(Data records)
————————
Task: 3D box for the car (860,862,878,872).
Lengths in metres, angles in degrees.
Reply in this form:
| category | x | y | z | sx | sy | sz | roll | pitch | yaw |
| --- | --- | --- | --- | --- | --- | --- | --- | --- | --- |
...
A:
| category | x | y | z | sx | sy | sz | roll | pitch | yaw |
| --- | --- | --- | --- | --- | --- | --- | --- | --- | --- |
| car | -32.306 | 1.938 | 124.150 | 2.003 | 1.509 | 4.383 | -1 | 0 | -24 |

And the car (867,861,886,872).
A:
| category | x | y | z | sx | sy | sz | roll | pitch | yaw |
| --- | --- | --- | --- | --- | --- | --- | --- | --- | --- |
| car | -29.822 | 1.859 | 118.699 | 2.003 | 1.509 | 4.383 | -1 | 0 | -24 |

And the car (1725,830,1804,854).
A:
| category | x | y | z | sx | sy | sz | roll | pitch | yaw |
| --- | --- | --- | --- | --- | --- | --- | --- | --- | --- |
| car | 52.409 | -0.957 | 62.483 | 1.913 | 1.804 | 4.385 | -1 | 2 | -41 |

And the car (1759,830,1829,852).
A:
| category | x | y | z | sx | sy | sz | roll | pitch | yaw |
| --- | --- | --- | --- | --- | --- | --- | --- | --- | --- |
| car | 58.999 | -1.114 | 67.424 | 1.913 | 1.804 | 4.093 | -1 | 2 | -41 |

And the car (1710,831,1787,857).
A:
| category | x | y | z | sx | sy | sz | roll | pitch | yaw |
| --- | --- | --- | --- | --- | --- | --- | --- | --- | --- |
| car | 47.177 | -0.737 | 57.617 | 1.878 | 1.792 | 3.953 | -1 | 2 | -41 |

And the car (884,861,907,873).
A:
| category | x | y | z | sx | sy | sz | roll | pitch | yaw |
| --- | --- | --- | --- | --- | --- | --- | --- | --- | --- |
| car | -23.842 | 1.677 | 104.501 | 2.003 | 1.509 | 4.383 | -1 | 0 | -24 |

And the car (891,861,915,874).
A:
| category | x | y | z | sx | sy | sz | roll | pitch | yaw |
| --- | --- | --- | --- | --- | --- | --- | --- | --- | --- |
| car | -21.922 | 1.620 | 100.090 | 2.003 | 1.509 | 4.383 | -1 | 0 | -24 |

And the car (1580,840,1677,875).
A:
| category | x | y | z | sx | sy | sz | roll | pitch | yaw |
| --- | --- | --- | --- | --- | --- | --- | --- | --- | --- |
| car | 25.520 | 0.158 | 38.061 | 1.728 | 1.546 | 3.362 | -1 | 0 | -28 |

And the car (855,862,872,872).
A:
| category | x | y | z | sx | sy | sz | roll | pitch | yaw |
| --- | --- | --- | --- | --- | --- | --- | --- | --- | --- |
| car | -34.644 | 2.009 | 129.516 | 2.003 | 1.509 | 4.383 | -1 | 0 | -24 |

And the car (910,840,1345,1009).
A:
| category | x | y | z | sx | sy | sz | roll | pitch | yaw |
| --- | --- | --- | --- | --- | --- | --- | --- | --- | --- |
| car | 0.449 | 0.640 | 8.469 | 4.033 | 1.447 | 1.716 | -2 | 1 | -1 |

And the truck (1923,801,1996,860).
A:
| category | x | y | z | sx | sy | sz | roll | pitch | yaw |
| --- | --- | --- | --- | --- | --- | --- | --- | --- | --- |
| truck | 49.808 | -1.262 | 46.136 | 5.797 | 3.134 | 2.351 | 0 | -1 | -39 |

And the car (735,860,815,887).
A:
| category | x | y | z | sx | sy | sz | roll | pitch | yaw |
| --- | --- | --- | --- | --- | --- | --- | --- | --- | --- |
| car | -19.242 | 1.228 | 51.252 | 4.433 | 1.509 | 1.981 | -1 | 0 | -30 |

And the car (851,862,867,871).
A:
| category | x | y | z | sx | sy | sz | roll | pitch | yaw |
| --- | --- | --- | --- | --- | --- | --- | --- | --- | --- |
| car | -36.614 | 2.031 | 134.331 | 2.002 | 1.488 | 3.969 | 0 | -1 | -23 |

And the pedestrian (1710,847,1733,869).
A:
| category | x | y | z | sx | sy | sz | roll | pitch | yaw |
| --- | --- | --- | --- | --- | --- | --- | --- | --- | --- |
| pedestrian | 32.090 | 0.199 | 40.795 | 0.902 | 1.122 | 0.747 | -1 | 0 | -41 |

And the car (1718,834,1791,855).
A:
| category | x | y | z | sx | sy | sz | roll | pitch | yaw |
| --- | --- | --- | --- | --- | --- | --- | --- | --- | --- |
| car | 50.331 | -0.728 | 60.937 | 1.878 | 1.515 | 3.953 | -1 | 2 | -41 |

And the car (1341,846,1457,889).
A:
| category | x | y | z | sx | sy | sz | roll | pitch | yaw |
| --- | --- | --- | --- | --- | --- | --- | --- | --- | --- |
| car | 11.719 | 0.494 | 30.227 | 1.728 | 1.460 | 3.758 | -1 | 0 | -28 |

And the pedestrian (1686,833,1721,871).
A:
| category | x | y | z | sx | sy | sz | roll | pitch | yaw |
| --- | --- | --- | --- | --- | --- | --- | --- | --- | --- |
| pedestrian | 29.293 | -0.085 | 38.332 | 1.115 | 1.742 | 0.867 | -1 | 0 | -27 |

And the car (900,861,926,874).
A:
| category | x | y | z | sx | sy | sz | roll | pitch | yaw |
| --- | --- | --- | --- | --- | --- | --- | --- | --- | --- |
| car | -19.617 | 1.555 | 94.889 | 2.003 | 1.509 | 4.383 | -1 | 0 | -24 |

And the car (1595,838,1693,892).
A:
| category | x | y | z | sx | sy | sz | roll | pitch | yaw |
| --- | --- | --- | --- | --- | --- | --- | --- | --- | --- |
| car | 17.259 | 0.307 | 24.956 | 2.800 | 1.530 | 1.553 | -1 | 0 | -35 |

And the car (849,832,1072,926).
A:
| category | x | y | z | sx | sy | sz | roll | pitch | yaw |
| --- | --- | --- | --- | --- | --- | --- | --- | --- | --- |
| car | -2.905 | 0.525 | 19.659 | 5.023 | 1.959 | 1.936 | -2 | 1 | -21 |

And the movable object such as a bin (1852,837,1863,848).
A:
————————
WORK TO COMPLETE | Each of the records shown above needs to be repeated exactly.

EXERCISE RESPONSE |
Task: 3D box for the car (860,862,878,872).
Lengths in metres, angles in degrees.
Reply in this form:
| category | x | y | z | sx | sy | sz | roll | pitch | yaw |
| --- | --- | --- | --- | --- | --- | --- | --- | --- | --- |
...
A:
| category | x | y | z | sx | sy | sz | roll | pitch | yaw |
| --- | --- | --- | --- | --- | --- | --- | --- | --- | --- |
| car | -32.306 | 1.938 | 124.150 | 2.003 | 1.509 | 4.383 | -1 | 0 | -24 |

And the car (867,861,886,872).
A:
| category | x | y | z | sx | sy | sz | roll | pitch | yaw |
| --- | --- | --- | --- | --- | --- | --- | --- | --- | --- |
| car | -29.822 | 1.859 | 118.699 | 2.003 | 1.509 | 4.383 | -1 | 0 | -24 |

And the car (1725,830,1804,854).
A:
| category | x | y | z | sx | sy | sz | roll | pitch | yaw |
| --- | --- | --- | --- | --- | --- | --- | --- | --- | --- |
| car | 52.409 | -0.957 | 62.483 | 1.913 | 1.804 | 4.385 | -1 | 2 | -41 |

And the car (1759,830,1829,852).
A:
| category | x | y | z | sx | sy | sz | roll | pitch | yaw |
| --- | --- | --- | --- | --- | --- | --- | --- | --- | --- |
| car | 58.999 | -1.114 | 67.424 | 1.913 | 1.804 | 4.093 | -1 | 2 | -41 |

And the car (1710,831,1787,857).
A:
| category | x | y | z | sx | sy | sz | roll | pitch | yaw |
| --- | --- | --- | --- | --- | --- | --- | --- | --- | --- |
| car | 47.177 | -0.737 | 57.617 | 1.878 | 1.792 | 3.953 | -1 | 2 | -41 |

And the car (884,861,907,873).
A:
| category | x | y | z | sx | sy | sz | roll | pitch | yaw |
| --- | --- | --- | --- | --- | --- | --- | --- | --- | --- |
| car | -23.842 | 1.677 | 104.501 | 2.003 | 1.509 | 4.383 | -1 | 0 | -24 |

And the car (891,861,915,874).
A:
| category | x | y | z | sx | sy | sz | roll | pitch | yaw |
| --- | --- | --- | --- | --- | --- | --- | --- | --- | --- |
| car | -21.922 | 1.620 | 100.090 | 2.003 | 1.509 | 4.383 | -1 | 0 | -24 |

And the car (1580,840,1677,875).
A:
| category | x | y | z | sx | sy | sz | roll | pitch | yaw |
| --- | --- | --- | --- | --- | --- | --- | --- | --- | --- |
| car | 25.520 | 0.158 | 38.061 | 1.728 | 1.546 | 3.362 | -1 | 0 | -28 |

And the car (855,862,872,872).
A:
| category | x | y | z | sx | sy | sz | roll | pitch | yaw |
| --- | --- | --- | --- | --- | --- | --- | --- | --- | --- |
| car | -34.644 | 2.009 | 129.516 | 2.003 | 1.509 | 4.383 | -1 | 0 | -24 |

And the car (910,840,1345,1009).
A:
| category | x | y | z | sx | sy | sz | roll | pitch | yaw |
| --- | --- | --- | --- | --- | --- | --- | --- | --- | --- |
| car | 0.449 | 0.640 | 8.469 | 4.033 | 1.447 | 1.716 | -2 | 1 | -1 |

And the truck (1923,801,1996,860).
A:
| category | x | y | z | sx | sy | sz | roll | pitch | yaw |
| --- | --- | --- | --- | --- | --- | --- | --- | --- | --- |
| truck | 49.808 | -1.262 | 46.136 | 5.797 | 3.134 | 2.351 | 0 | -1 | -39 |

And the car (735,860,815,887).
A:
| category | x | y | z | sx | sy | sz | roll | pitch | yaw |
| --- | --- | --- | --- | --- | --- | --- | --- | --- | --- |
| car | -19.242 | 1.228 | 51.252 | 4.433 | 1.509 | 1.981 | -1 | 0 | -30 |

And the car (851,862,867,871).
A:
| category | x | y | z | sx | sy | sz | roll | pitch | yaw |
| --- | --- | --- | --- | --- | --- | --- | --- | --- | --- |
| car | -36.614 | 2.031 | 134.331 | 2.002 | 1.488 | 3.969 | 0 | -1 | -23 |

And the pedestrian (1710,847,1733,869).
A:
| category | x | y | z | sx | sy | sz | roll | pitch | yaw |
| --- | --- | --- | --- | --- | --- | --- | --- | --- | --- |
| pedestrian | 32.090 | 0.199 | 40.795 | 0.902 | 1.122 | 0.747 | -1 | 0 | -41 |

And the car (1718,834,1791,855).
A:
| category | x | y | z | sx | sy | sz | roll | pitch | yaw |
| --- | --- | --- | --- | --- | --- | --- | --- | --- | --- |
| car | 50.331 | -0.728 | 60.937 | 1.878 | 1.515 | 3.953 | -1 | 2 | -41 |

And the car (1341,846,1457,889).
A:
| category | x | y | z | sx | sy | sz | roll | pitch | yaw |
| --- | --- | --- | --- | --- | --- | --- | --- | --- | --- |
| car | 11.719 | 0.494 | 30.227 | 1.728 | 1.460 | 3.758 | -1 | 0 | -28 |

And the pedestrian (1686,833,1721,871).
A:
| category | x | y | z | sx | sy | sz | roll | pitch | yaw |
| --- | --- | --- | --- | --- | --- | --- | --- | --- | --- |
| pedestrian | 29.293 | -0.085 | 38.332 | 1.115 | 1.742 | 0.867 | -1 | 0 | -27 |

And the car (900,861,926,874).
A:
| category | x | y | z | sx | sy | sz | roll | pitch | yaw |
| --- | --- | --- | --- | --- | --- | --- | --- | --- | --- |
| car | -19.617 | 1.555 | 94.889 | 2.003 | 1.509 | 4.383 | -1 | 0 | -24 |

And the car (1595,838,1693,892).
A:
| category | x | y | z | sx | sy | sz | roll | pitch | yaw |
| --- | --- | --- | --- | --- | --- | --- | --- | --- | --- |
| car | 17.259 | 0.307 | 24.956 | 2.800 | 1.530 | 1.553 | -1 | 0 | -35 |

And the car (849,832,1072,926).
A:
| category | x | y | z | sx | sy | sz | roll | pitch | yaw |
| --- | --- | --- | --- | --- | --- | --- | --- | --- | --- |
| car | -2.905 | 0.525 | 19.659 | 5.023 | 1.959 | 1.936 | -2 | 1 | -21 |

And the movable object such as a bin (1852,837,1863,848).
A:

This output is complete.